RAFAEL ROBLAS CARIDE | Desde que en 1888 el crimen de la calle Fuencarral nos descubriera a los españoles como seres especialmente inclinados hacia la morbosidad mediática, muchos han sido los hitos que han jalonado el devenir de la historia negra de nuestro país. Así, Don Benito, el Huerto del Francés, el Expreso de Andalucía, Jarabo, Monchito, la Envenenadora de Valencia, el Arropiero, los Galindos, Puerto Hurraco, las niñas de Alcasser, Rocío Wanninkhof, Marta del Castillo… son marcas que sucesivamente han servido para señalar la cota del horror en sucesos, que, durante varias décadas, tuvieron su altavoz oficial en El Caso, diario que -junto al Marca- batía récords de ventas en esa triste España de posguerra ávida de historias extraordinarias y exóticas. El crimen de los marqueses de Urquijo es un eslabón más de la citada cadena. Un eslabón que, como tantos otros, quedó para siempre sin cerrar del todo tras las numerosas incógnitas e incertidumbres que el sumario del caso dejó tras de sí. Un eslabón importantísimo y fundamental, en fin, que subraya con sangre una de las etapas más trascendentales de la historia contemporánea española, la de la Transición.

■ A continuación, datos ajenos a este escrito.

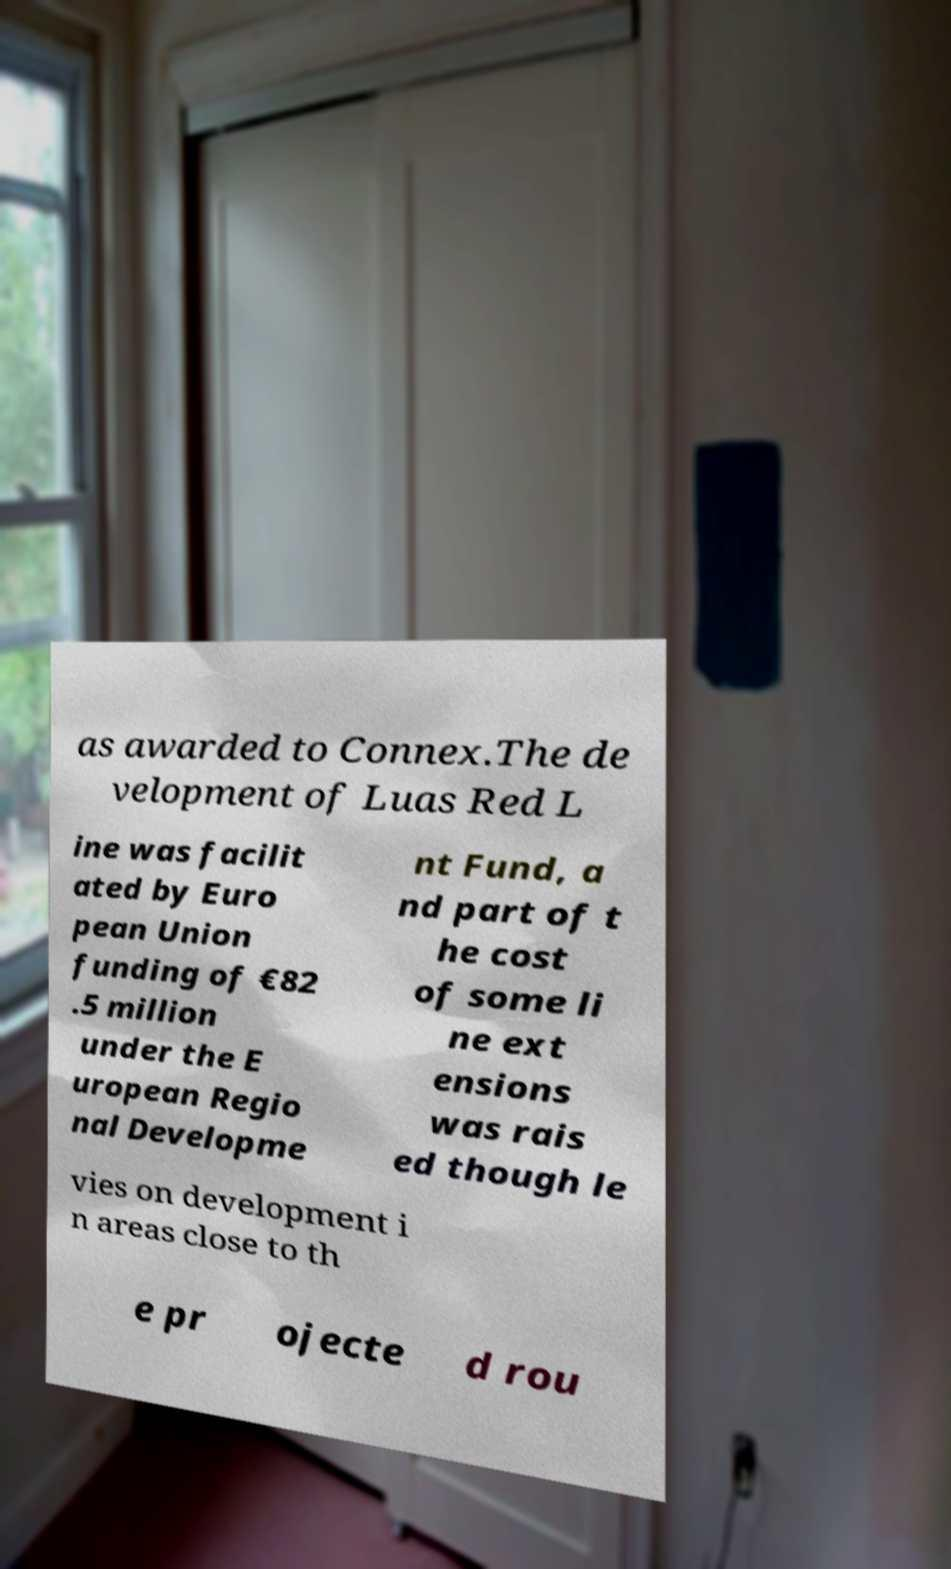Can you read and provide the text displayed in the image?This photo seems to have some interesting text. Can you extract and type it out for me? as awarded to Connex.The de velopment of Luas Red L ine was facilit ated by Euro pean Union funding of €82 .5 million under the E uropean Regio nal Developme nt Fund, a nd part of t he cost of some li ne ext ensions was rais ed though le vies on development i n areas close to th e pr ojecte d rou 
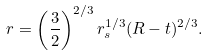Convert formula to latex. <formula><loc_0><loc_0><loc_500><loc_500>r = \left ( \frac { 3 } { 2 } \right ) ^ { 2 / 3 } r _ { s } ^ { 1 / 3 } ( R - t ) ^ { 2 / 3 } .</formula> 
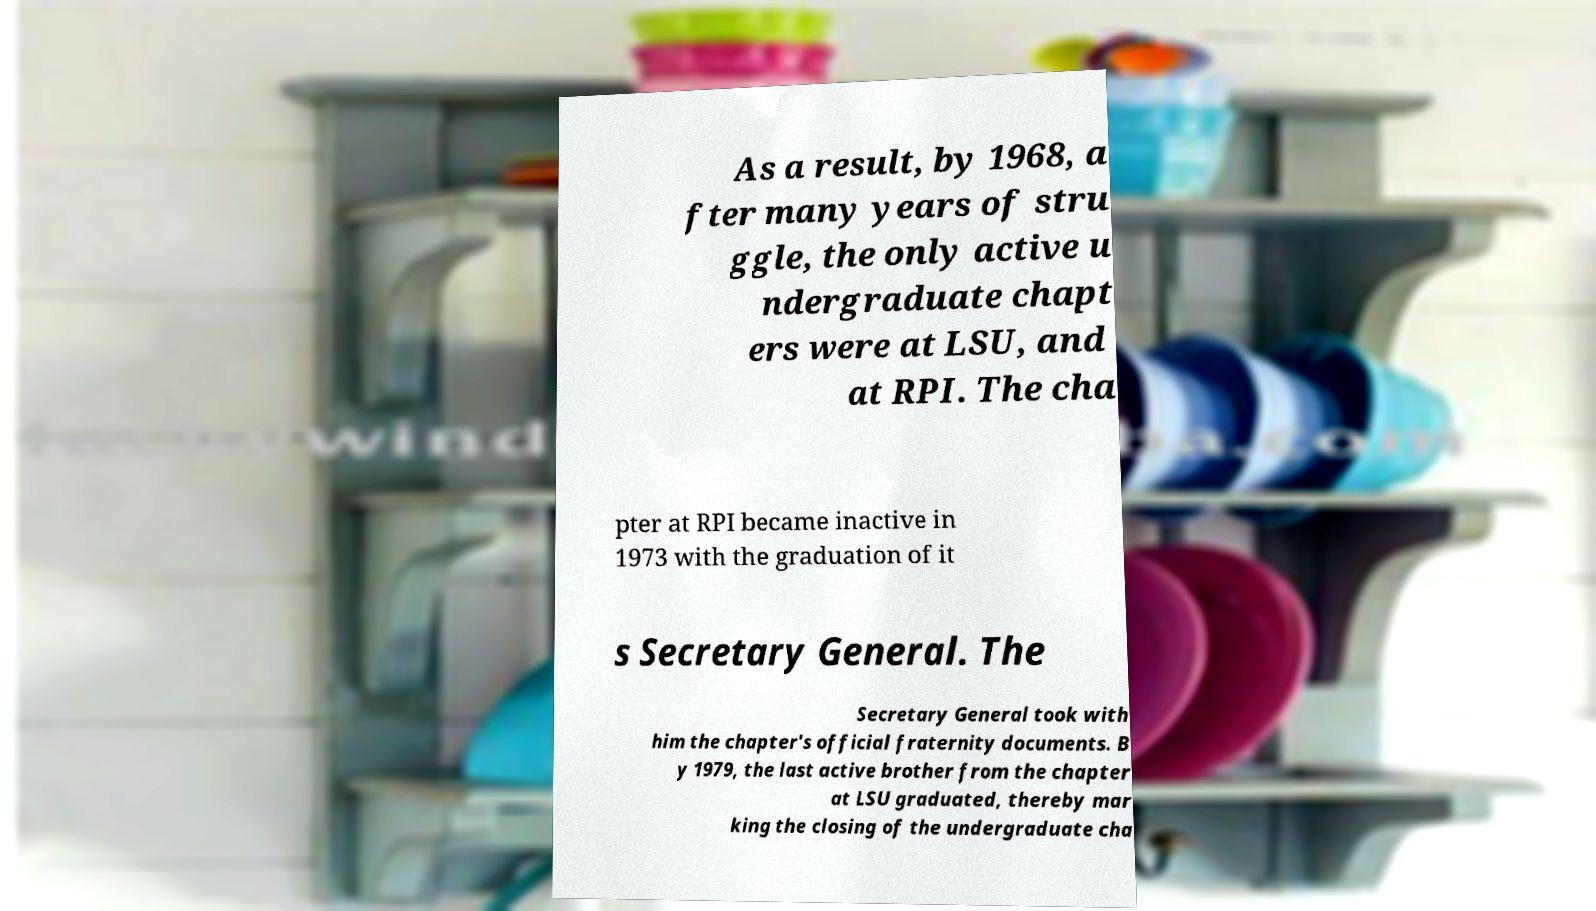Could you extract and type out the text from this image? As a result, by 1968, a fter many years of stru ggle, the only active u ndergraduate chapt ers were at LSU, and at RPI. The cha pter at RPI became inactive in 1973 with the graduation of it s Secretary General. The Secretary General took with him the chapter's official fraternity documents. B y 1979, the last active brother from the chapter at LSU graduated, thereby mar king the closing of the undergraduate cha

Hoy, casi cuarenta años después, puede que muchos desconozcan la naturaleza de aquellos hechos que se remontan a la madrugada del uno de agosto del año 1980, cuando un grupo de indeterminado –todavía- de personas penetró en una mansión de Somosaguas propiedad de los marqueses de Urquijo. Pese a las lagunas del caso, parece probado que al menos dos individuos accedieron a la planta superior de la casa con el objetivo asesinar a don Manuel de la Sierra y Torres, marqués consorte que, entre otras labores, presidía distintas sociedades, entre las que destacaba el influyente Banco Urquijo que, luego se descubrió, no atravesaba por sus mejores momentos. Consumado el plan, un ruido despierta a la señora marquesa, doña María de Lourdes de Urquijo y Morenés, que se incorpora en la cama del dormitorio contiguo –los marqueses dormían en habitaciones separadas- y este hecho obliga a los intrusos a acabar también con su vida para evitar testigos innecesarios. A la mañana siguiente, la sirvienta descubriría con horror la masacre, dando cuenta a las autoridades.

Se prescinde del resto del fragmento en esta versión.